**RECORD EXCERPTS**:
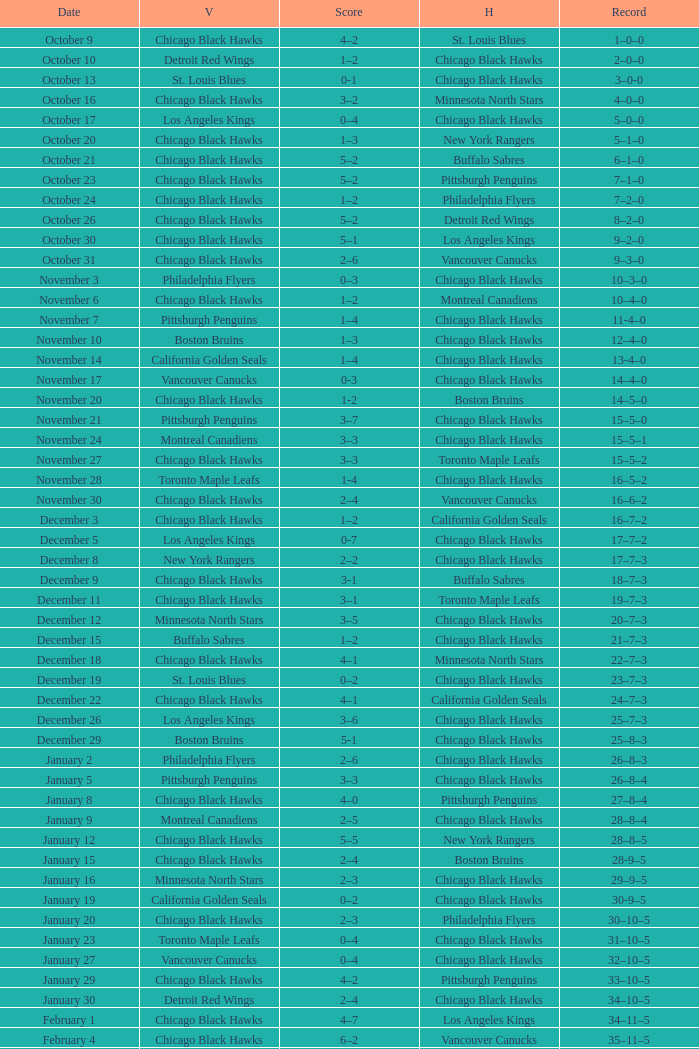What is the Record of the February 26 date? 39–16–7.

==

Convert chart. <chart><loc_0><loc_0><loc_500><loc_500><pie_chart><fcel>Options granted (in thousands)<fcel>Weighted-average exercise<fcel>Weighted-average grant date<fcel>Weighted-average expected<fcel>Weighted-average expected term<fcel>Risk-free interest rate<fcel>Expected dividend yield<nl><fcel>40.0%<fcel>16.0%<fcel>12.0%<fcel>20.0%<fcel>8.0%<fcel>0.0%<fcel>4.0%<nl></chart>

---

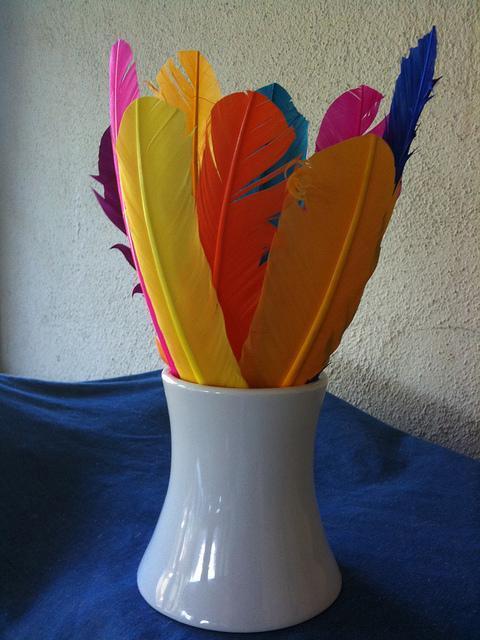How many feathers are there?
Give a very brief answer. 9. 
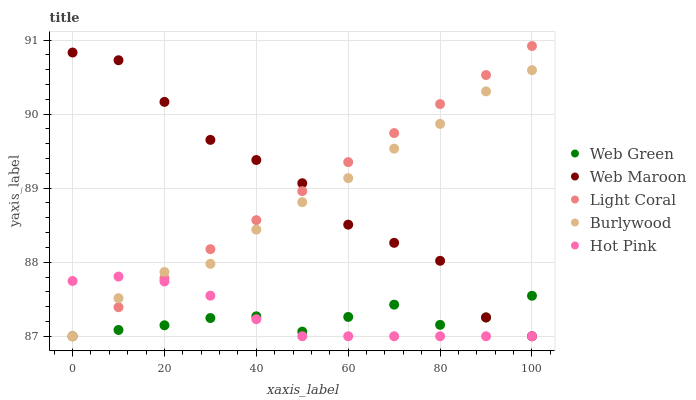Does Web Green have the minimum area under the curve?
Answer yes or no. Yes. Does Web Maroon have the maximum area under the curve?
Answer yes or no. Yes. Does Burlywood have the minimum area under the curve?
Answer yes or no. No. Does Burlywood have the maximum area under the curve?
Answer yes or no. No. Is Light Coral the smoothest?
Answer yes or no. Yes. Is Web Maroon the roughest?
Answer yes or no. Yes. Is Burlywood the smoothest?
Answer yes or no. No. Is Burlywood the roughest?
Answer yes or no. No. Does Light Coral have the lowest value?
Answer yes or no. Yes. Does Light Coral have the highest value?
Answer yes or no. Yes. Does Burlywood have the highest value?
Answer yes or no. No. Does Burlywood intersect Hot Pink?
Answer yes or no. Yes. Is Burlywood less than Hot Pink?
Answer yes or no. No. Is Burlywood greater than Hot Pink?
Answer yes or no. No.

**WHAT THE TASK ASKS**: Above are the records; from them, give again exactly the lines from the one containing "Answer yes or no. No. Is Light" through the one containing "Answer yes or no. Yes. Does Burlywood have the highest", both included.

**RESPONSE FOR THIS EXERCISE**:
Answer yes or no. No. Is Light Coral the smoothest?
Answer yes or no. Yes. Is Web Maroon the roughest?
Answer yes or no. Yes. Is Burlywood the smoothest?
Answer yes or no. No. Is Burlywood the roughest?
Answer yes or no. No. Does Light Coral have the lowest value?
Answer yes or no. Yes. Does Light Coral have the highest value?
Answer yes or no. Yes. Does Burlywood have the highest value?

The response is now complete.